Once my plane reached ten thousand feet, the captain got on the intercom and announced that passengers could use computers. I checked on defense contractors first, as Haines had suggested, tried to match up companies with infected cities. I tried “weapons manufacturers,” “military suppliers,” “defense industry,” “military bases.” It was a flawed approach because any classified stuff wouldn’t be available on Google. But a flawed approach was the best I could do right now.

I found nothing. Maybe one of the other people on the team is having better luck.

Next I tried to link affected cities to a specific military branch; a base; Army, Navy, Air Force, Marines.

Nothing.

The flight attendant asked if I wanted a drink. I accepted a vodka. I typed in, “hot dog chili sauce,” to see what came up.

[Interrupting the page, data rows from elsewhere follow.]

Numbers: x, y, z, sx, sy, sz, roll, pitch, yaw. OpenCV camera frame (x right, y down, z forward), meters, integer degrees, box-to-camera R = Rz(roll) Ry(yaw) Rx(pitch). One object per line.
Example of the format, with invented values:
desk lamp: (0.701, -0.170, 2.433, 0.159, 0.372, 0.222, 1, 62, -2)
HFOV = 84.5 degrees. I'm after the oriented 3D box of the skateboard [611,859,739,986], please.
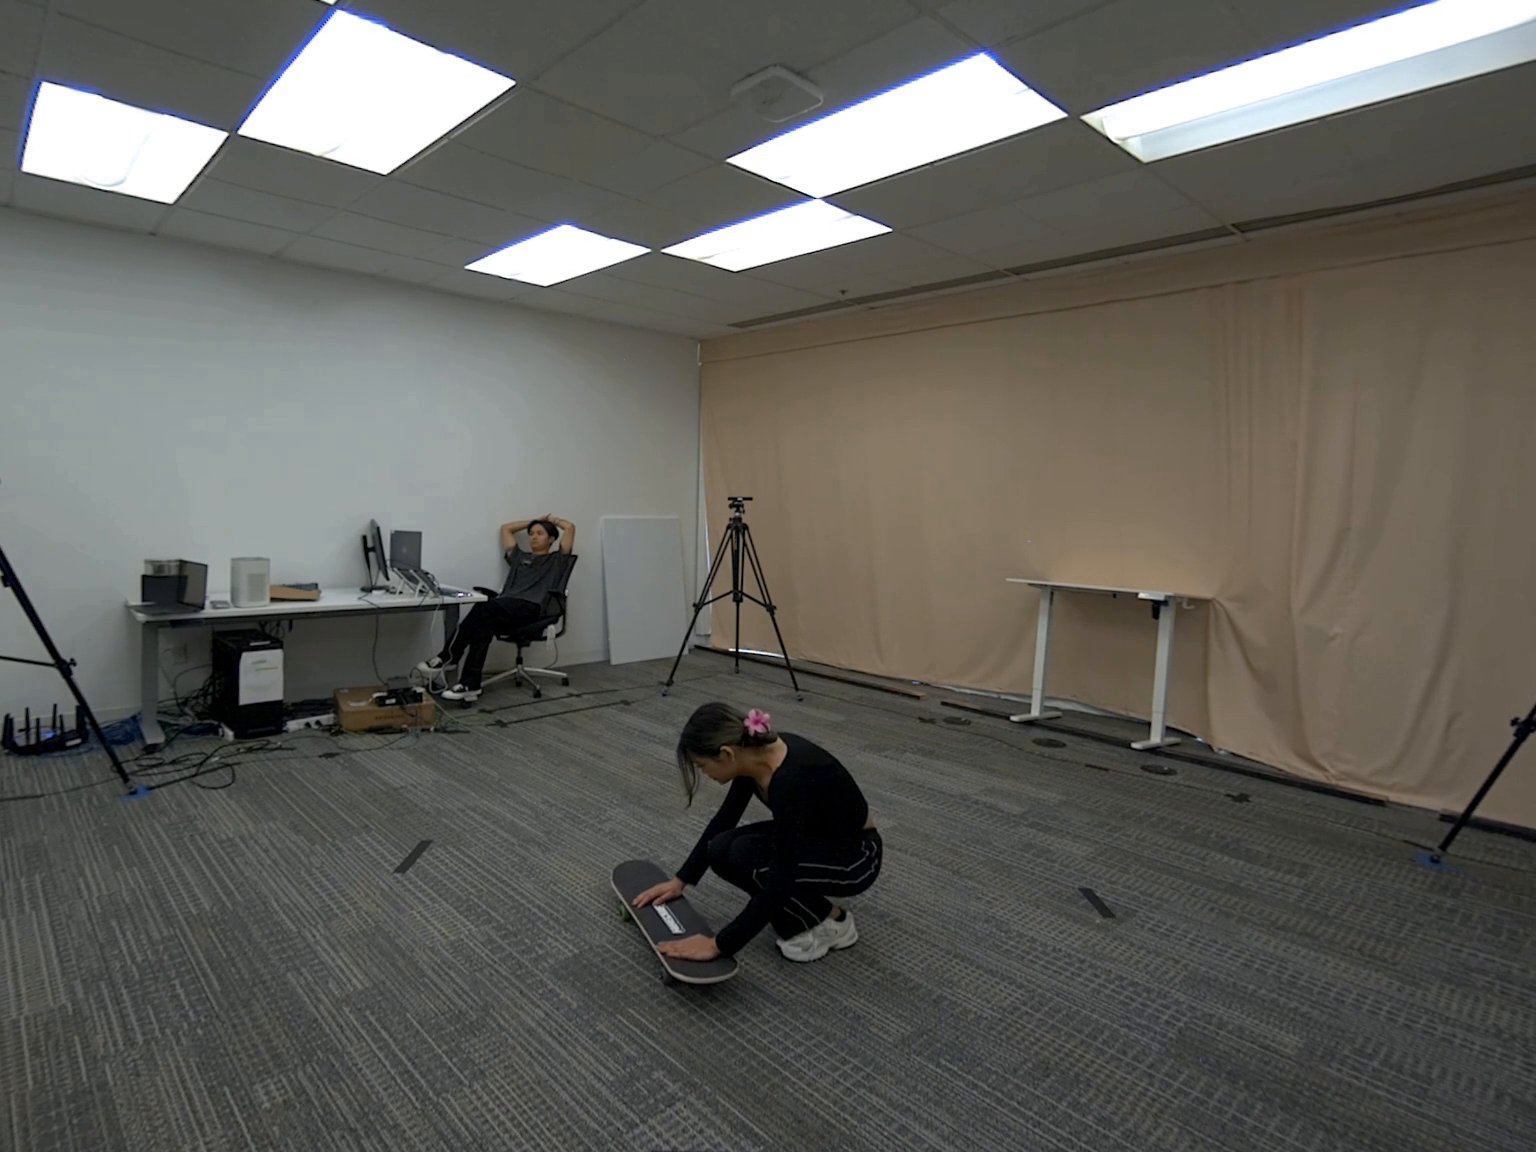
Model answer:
skateboard: (-0.312, 1.086, 2.616, 0.190, 0.110, 0.802, -1, 6, -26)
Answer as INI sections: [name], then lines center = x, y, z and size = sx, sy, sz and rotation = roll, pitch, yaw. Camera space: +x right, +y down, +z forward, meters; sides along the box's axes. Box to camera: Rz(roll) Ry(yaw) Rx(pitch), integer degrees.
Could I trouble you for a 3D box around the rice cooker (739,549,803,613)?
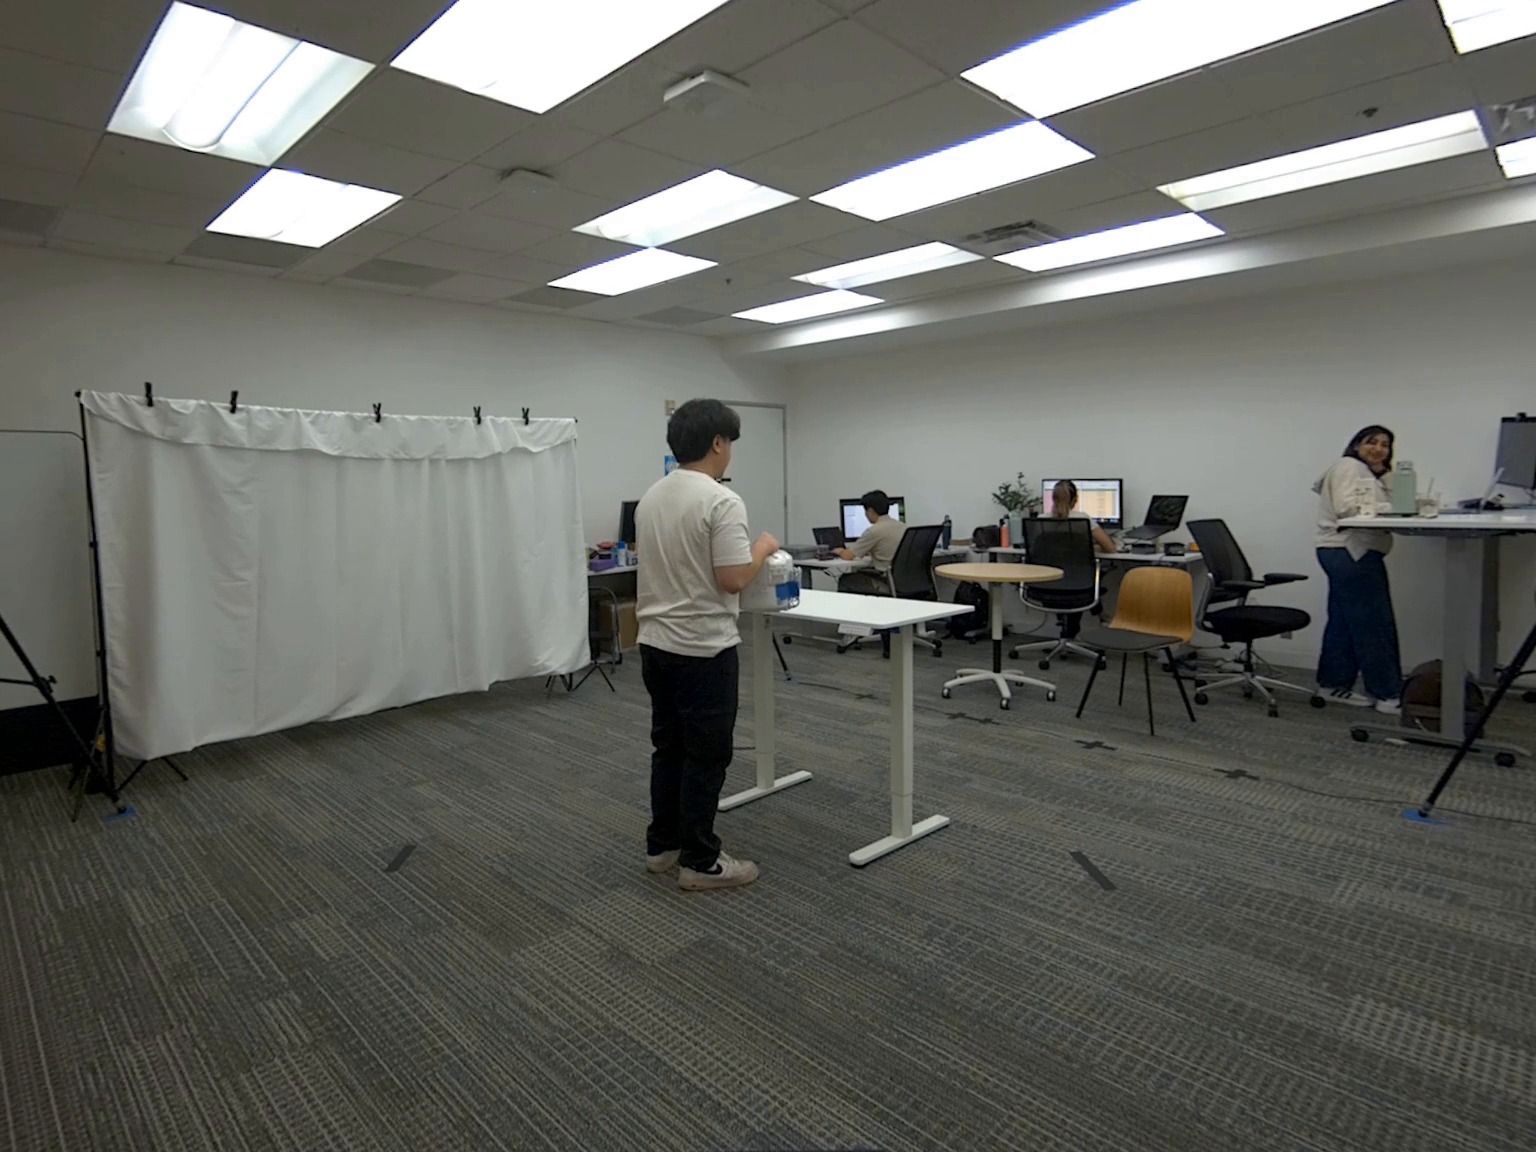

Within seconds I was looking at a dozen brands of sauce, that came in jars, cans, even squeeze bottles. Up swam ads for sauce. And ratings in a national culinary magazine. Sauces had names like Uncle Ed’s and Terrific Value and Rochester’s Best. Sauce makers were spread across the country, from northern California to Texas, Wisconsin, New Jersey.

I tried to match a manufacturer to all the infected cities.

Nothing.

Well, good try, I thought.

I finished my drink, and the flight attendant was back with a lunch menu. I wasn’t hungry. Back at the keyboard, I dropped the city names and just called up chili makers, to read about them. Eddie had been right. Uncle Ed’s was a subsidiary of a larger Kansas City company called Great Foods International. Rochester’s Best had been bought, four years ago, by Fresh Unity Food and Beverage. Terrific Value, available in big-box stores, was owned by a French conglomerate based in Paris. Small companies had been consumed, so to speak, by bigger ones.